(The data):

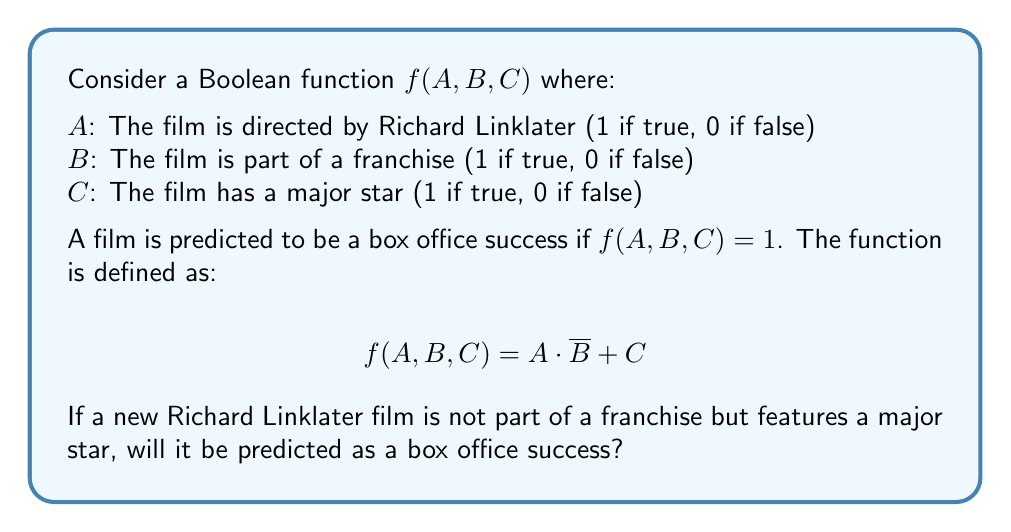Give your solution to this math problem. Let's approach this step-by-step:

1) We are given that the film:
   - Is directed by Richard Linklater, so $A = 1$
   - Is not part of a franchise, so $B = 0$
   - Features a major star, so $C = 1$

2) We need to evaluate $f(A, B, C) = A \cdot \overline{B} + C$

3) First, let's calculate $\overline{B}$:
   $\overline{B} = 1 - B = 1 - 0 = 1$

4) Now, let's substitute the values into the function:
   $f(1, 0, 1) = 1 \cdot 1 + 1$

5) Evaluate:
   $f(1, 0, 1) = 1 + 1 = 2$

6) In Boolean algebra, any non-zero value is considered true (1).

7) Therefore, $f(1, 0, 1) = 1$ in Boolean terms.

Since $f(A, B, C) = 1$, the film is predicted to be a box office success.
Answer: Yes

(What you are asked to do):
This calls for an exact copy of all the entries above, with the pictures omitted.

(Solved problem):
Give your solution to this math problem. Let's approach this step-by-step:

1) We are given that the film:
   - Is directed by Richard Linklater, so $A = 1$
   - Is not part of a franchise, so $B = 0$
   - Features a major star, so $C = 1$

2) We need to evaluate $f(A, B, C) = A \cdot \overline{B} + C$

3) First, let's calculate $\overline{B}$:
   $\overline{B} = 1 - B = 1 - 0 = 1$

4) Now, let's substitute the values into the function:
   $f(1, 0, 1) = 1 \cdot 1 + 1$

5) Evaluate:
   $f(1, 0, 1) = 1 + 1 = 2$

6) In Boolean algebra, any non-zero value is considered true (1).

7) Therefore, $f(1, 0, 1) = 1$ in Boolean terms.

Since $f(A, B, C) = 1$, the film is predicted to be a box office success.
Answer: Yes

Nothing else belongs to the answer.